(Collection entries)
Content starts

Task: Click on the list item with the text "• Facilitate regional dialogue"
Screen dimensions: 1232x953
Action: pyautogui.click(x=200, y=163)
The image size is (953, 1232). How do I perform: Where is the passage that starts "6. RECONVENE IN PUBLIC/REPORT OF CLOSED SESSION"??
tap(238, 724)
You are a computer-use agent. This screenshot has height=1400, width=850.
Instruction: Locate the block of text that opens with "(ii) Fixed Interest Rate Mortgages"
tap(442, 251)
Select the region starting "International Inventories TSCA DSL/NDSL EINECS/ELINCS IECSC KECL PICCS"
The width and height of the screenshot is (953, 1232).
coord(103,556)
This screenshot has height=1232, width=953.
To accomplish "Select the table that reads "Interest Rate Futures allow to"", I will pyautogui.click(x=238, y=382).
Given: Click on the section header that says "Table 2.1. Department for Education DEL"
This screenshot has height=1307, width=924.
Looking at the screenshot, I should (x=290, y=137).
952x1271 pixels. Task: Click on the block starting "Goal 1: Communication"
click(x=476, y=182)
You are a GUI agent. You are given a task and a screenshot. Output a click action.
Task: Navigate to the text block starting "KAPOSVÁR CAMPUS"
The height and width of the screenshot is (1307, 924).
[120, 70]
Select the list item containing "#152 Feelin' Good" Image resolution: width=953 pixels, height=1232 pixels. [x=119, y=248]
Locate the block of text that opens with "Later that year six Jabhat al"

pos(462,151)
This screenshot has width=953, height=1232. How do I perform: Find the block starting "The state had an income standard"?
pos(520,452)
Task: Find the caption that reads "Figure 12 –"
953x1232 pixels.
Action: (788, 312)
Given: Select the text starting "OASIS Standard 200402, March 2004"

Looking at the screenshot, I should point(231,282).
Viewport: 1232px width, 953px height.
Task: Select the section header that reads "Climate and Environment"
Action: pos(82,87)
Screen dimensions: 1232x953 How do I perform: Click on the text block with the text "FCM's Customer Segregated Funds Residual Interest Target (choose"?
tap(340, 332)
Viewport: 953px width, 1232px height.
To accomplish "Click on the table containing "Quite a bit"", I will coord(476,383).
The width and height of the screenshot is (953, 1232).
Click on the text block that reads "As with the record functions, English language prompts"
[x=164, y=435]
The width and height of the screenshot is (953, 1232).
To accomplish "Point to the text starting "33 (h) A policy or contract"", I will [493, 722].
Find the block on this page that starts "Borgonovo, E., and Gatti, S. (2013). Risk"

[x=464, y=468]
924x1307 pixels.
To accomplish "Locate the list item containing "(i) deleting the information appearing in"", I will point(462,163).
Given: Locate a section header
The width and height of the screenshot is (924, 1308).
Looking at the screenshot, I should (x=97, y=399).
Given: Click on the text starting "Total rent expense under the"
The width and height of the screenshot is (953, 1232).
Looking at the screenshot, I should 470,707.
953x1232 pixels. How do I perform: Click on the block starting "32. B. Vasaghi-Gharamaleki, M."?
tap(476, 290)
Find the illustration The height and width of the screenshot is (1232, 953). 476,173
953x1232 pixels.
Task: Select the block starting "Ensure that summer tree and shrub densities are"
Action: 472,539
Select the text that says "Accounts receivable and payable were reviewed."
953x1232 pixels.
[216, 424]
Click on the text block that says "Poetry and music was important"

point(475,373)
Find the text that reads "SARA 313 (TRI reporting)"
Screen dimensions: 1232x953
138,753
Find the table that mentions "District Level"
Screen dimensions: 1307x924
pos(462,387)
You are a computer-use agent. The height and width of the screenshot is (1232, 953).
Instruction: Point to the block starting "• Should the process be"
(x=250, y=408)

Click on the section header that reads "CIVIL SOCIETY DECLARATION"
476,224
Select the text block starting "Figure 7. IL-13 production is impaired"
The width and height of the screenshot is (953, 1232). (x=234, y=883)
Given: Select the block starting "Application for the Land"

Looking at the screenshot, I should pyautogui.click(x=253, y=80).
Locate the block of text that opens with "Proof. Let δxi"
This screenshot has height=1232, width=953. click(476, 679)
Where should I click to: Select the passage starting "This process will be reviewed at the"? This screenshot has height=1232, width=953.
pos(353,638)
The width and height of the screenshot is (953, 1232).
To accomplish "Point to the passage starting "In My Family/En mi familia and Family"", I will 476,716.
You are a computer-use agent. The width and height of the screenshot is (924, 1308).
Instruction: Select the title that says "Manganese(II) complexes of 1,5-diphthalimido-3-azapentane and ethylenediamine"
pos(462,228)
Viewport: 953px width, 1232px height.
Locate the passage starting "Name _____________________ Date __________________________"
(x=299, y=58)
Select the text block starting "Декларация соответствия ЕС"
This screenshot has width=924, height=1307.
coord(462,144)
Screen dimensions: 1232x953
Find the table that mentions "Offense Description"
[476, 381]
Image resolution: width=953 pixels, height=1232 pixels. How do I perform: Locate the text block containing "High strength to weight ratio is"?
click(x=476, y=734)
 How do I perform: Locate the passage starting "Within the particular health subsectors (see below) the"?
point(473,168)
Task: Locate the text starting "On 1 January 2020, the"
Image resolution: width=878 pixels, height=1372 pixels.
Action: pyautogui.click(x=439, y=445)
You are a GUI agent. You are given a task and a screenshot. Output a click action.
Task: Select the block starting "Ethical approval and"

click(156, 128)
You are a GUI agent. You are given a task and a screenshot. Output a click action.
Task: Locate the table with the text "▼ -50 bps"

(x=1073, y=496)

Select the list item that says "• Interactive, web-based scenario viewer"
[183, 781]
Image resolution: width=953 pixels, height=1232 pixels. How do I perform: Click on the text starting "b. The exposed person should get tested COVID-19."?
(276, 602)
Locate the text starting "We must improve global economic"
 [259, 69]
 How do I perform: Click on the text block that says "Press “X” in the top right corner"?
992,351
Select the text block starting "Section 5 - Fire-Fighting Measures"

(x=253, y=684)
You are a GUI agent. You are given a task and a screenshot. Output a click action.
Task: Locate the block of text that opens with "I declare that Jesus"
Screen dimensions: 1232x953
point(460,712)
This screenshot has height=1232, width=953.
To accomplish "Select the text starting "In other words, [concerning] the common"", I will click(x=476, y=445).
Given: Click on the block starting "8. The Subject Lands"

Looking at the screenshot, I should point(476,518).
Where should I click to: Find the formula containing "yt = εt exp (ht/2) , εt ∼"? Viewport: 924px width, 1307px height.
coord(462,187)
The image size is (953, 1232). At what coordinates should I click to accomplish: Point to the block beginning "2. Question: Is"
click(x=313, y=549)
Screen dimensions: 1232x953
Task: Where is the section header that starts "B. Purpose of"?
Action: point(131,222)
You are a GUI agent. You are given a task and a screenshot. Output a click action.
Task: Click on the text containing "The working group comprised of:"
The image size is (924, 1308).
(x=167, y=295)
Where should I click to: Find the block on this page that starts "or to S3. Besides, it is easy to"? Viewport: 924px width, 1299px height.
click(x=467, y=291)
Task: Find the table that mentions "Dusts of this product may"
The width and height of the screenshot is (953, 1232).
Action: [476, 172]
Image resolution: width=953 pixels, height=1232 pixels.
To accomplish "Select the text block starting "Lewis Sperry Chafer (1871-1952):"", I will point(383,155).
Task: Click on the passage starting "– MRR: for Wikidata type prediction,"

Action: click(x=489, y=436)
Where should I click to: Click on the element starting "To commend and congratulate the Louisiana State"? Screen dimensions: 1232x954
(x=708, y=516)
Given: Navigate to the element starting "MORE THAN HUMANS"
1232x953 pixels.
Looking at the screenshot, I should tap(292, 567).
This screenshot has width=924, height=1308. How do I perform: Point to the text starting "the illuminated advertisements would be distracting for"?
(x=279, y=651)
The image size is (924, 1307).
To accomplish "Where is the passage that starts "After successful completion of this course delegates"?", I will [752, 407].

Content ends

• **Instructions for the task**
What you return must match the records exactly, line for line.

• **Task output**
Task: Click on the list item with the text "• Facilitate regional dialogue"
Screen dimensions: 1232x953
Action: pyautogui.click(x=200, y=163)
The image size is (953, 1232). How do I perform: Where is the passage that starts "6. RECONVENE IN PUBLIC/REPORT OF CLOSED SESSION"??
tap(238, 724)
You are a computer-use agent. This screenshot has height=1400, width=850.
Instruction: Locate the block of text that opens with "(ii) Fixed Interest Rate Mortgages"
tap(442, 251)
Select the region starting "International Inventories TSCA DSL/NDSL EINECS/ELINCS IECSC KECL PICCS"
The width and height of the screenshot is (953, 1232).
coord(103,556)
This screenshot has height=1232, width=953.
To accomplish "Select the table that reads "Interest Rate Futures allow to"", I will pyautogui.click(x=238, y=382).
Given: Click on the section header that says "Table 2.1. Department for Education DEL"
This screenshot has height=1307, width=924.
Looking at the screenshot, I should (x=290, y=137).
952x1271 pixels. Task: Click on the block starting "Goal 1: Communication"
click(x=476, y=182)
You are a GUI agent. You are given a task and a screenshot. Output a click action.
Task: Navigate to the text block starting "KAPOSVÁR CAMPUS"
The height and width of the screenshot is (1307, 924).
[120, 70]
Select the list item containing "#152 Feelin' Good" Image resolution: width=953 pixels, height=1232 pixels. [x=119, y=248]
Locate the block of text that opens with "Later that year six Jabhat al"

pos(462,151)
This screenshot has width=953, height=1232. How do I perform: Find the block starting "The state had an income standard"?
pos(520,452)
Task: Find the caption that reads "Figure 12 –"
953x1232 pixels.
Action: (788, 312)
Given: Select the text starting "OASIS Standard 200402, March 2004"

Looking at the screenshot, I should point(231,282).
Viewport: 1232px width, 953px height.
Task: Select the section header that reads "Climate and Environment"
Action: pos(82,87)
Screen dimensions: 1232x953 How do I perform: Click on the text block with the text "FCM's Customer Segregated Funds Residual Interest Target (choose"?
tap(340, 332)
Viewport: 953px width, 1232px height.
To accomplish "Click on the table containing "Quite a bit"", I will coord(476,383).
The width and height of the screenshot is (953, 1232).
Click on the text block that reads "As with the record functions, English language prompts"
[x=164, y=435]
The width and height of the screenshot is (953, 1232).
To accomplish "Point to the text starting "33 (h) A policy or contract"", I will [493, 722].
Find the block on this page that starts "Borgonovo, E., and Gatti, S. (2013). Risk"

[x=464, y=468]
924x1307 pixels.
To accomplish "Locate the list item containing "(i) deleting the information appearing in"", I will point(462,163).
Given: Locate a section header
The width and height of the screenshot is (924, 1308).
Looking at the screenshot, I should (x=97, y=399).
Given: Click on the text starting "Total rent expense under the"
The width and height of the screenshot is (953, 1232).
Looking at the screenshot, I should 470,707.
953x1232 pixels. How do I perform: Click on the block starting "32. B. Vasaghi-Gharamaleki, M."?
tap(476, 290)
Find the illustration The height and width of the screenshot is (1232, 953). 476,173
953x1232 pixels.
Task: Select the block starting "Ensure that summer tree and shrub densities are"
Action: 472,539
Select the text that says "Accounts receivable and payable were reviewed."
953x1232 pixels.
[216, 424]
Click on the text block that says "Poetry and music was important"

point(475,373)
Find the text that reads "SARA 313 (TRI reporting)"
Screen dimensions: 1232x953
138,753
Find the table that mentions "District Level"
Screen dimensions: 1307x924
pos(462,387)
You are a computer-use agent. The height and width of the screenshot is (1232, 953).
Instruction: Point to the block starting "• Should the process be"
(x=250, y=408)

Click on the section header that reads "CIVIL SOCIETY DECLARATION"
476,224
Select the text block starting "Figure 7. IL-13 production is impaired"
The width and height of the screenshot is (953, 1232). (x=234, y=883)
Given: Select the block starting "Application for the Land"

Looking at the screenshot, I should pyautogui.click(x=253, y=80).
Locate the block of text that opens with "Proof. Let δxi"
This screenshot has height=1232, width=953. click(476, 679)
Where should I click to: Select the passage starting "This process will be reviewed at the"? This screenshot has height=1232, width=953.
pos(353,638)
The width and height of the screenshot is (953, 1232).
To accomplish "Point to the passage starting "In My Family/En mi familia and Family"", I will 476,716.
You are a computer-use agent. The width and height of the screenshot is (924, 1308).
Instruction: Select the title that says "Manganese(II) complexes of 1,5-diphthalimido-3-azapentane and ethylenediamine"
pos(462,228)
Viewport: 953px width, 1232px height.
Locate the passage starting "Name _____________________ Date __________________________"
(x=299, y=58)
Select the text block starting "Декларация соответствия ЕС"
This screenshot has width=924, height=1307.
coord(462,144)
Screen dimensions: 1232x953
Find the table that mentions "Offense Description"
[476, 381]
Image resolution: width=953 pixels, height=1232 pixels. How do I perform: Locate the text block containing "High strength to weight ratio is"?
click(x=476, y=734)
 How do I perform: Locate the passage starting "Within the particular health subsectors (see below) the"?
point(473,168)
Task: Locate the text starting "On 1 January 2020, the"
Image resolution: width=878 pixels, height=1372 pixels.
Action: pyautogui.click(x=439, y=445)
You are a GUI agent. You are given a task and a screenshot. Output a click action.
Task: Select the block starting "Ethical approval and"

click(156, 128)
You are a GUI agent. You are given a task and a screenshot. Output a click action.
Task: Locate the table with the text "▼ -50 bps"

(x=1073, y=496)

Select the list item that says "• Interactive, web-based scenario viewer"
[183, 781]
Image resolution: width=953 pixels, height=1232 pixels. How do I perform: Click on the text starting "b. The exposed person should get tested COVID-19."?
(276, 602)
Locate the text starting "We must improve global economic"
 [259, 69]
 How do I perform: Click on the text block that says "Press “X” in the top right corner"?
992,351
Select the text block starting "Section 5 - Fire-Fighting Measures"

(x=253, y=684)
You are a GUI agent. You are given a task and a screenshot. Output a click action.
Task: Locate the block of text that opens with "I declare that Jesus"
Screen dimensions: 1232x953
point(460,712)
This screenshot has height=1232, width=953.
To accomplish "Select the text starting "In other words, [concerning] the common"", I will click(x=476, y=445).
Given: Click on the block starting "8. The Subject Lands"

Looking at the screenshot, I should point(476,518).
Where should I click to: Find the formula containing "yt = εt exp (ht/2) , εt ∼"? Viewport: 924px width, 1307px height.
coord(462,187)
The image size is (953, 1232). At what coordinates should I click to accomplish: Point to the block beginning "2. Question: Is"
click(x=313, y=549)
Screen dimensions: 1232x953
Task: Where is the section header that starts "B. Purpose of"?
Action: point(131,222)
You are a GUI agent. You are given a task and a screenshot. Output a click action.
Task: Click on the text containing "The working group comprised of:"
The image size is (924, 1308).
(x=167, y=295)
Where should I click to: Find the block on this page that starts "or to S3. Besides, it is easy to"? Viewport: 924px width, 1299px height.
click(x=467, y=291)
Task: Find the table that mentions "Dusts of this product may"
The width and height of the screenshot is (953, 1232).
Action: [476, 172]
Image resolution: width=953 pixels, height=1232 pixels.
To accomplish "Select the text block starting "Lewis Sperry Chafer (1871-1952):"", I will point(383,155).
Task: Click on the passage starting "– MRR: for Wikidata type prediction,"

Action: click(x=489, y=436)
Where should I click to: Click on the element starting "To commend and congratulate the Louisiana State"? Screen dimensions: 1232x954
(x=708, y=516)
Given: Navigate to the element starting "MORE THAN HUMANS"
1232x953 pixels.
Looking at the screenshot, I should tap(292, 567).
This screenshot has width=924, height=1308. How do I perform: Point to the text starting "the illuminated advertisements would be distracting for"?
(x=279, y=651)
The image size is (924, 1307).
To accomplish "Where is the passage that starts "After successful completion of this course delegates"?", I will [752, 407].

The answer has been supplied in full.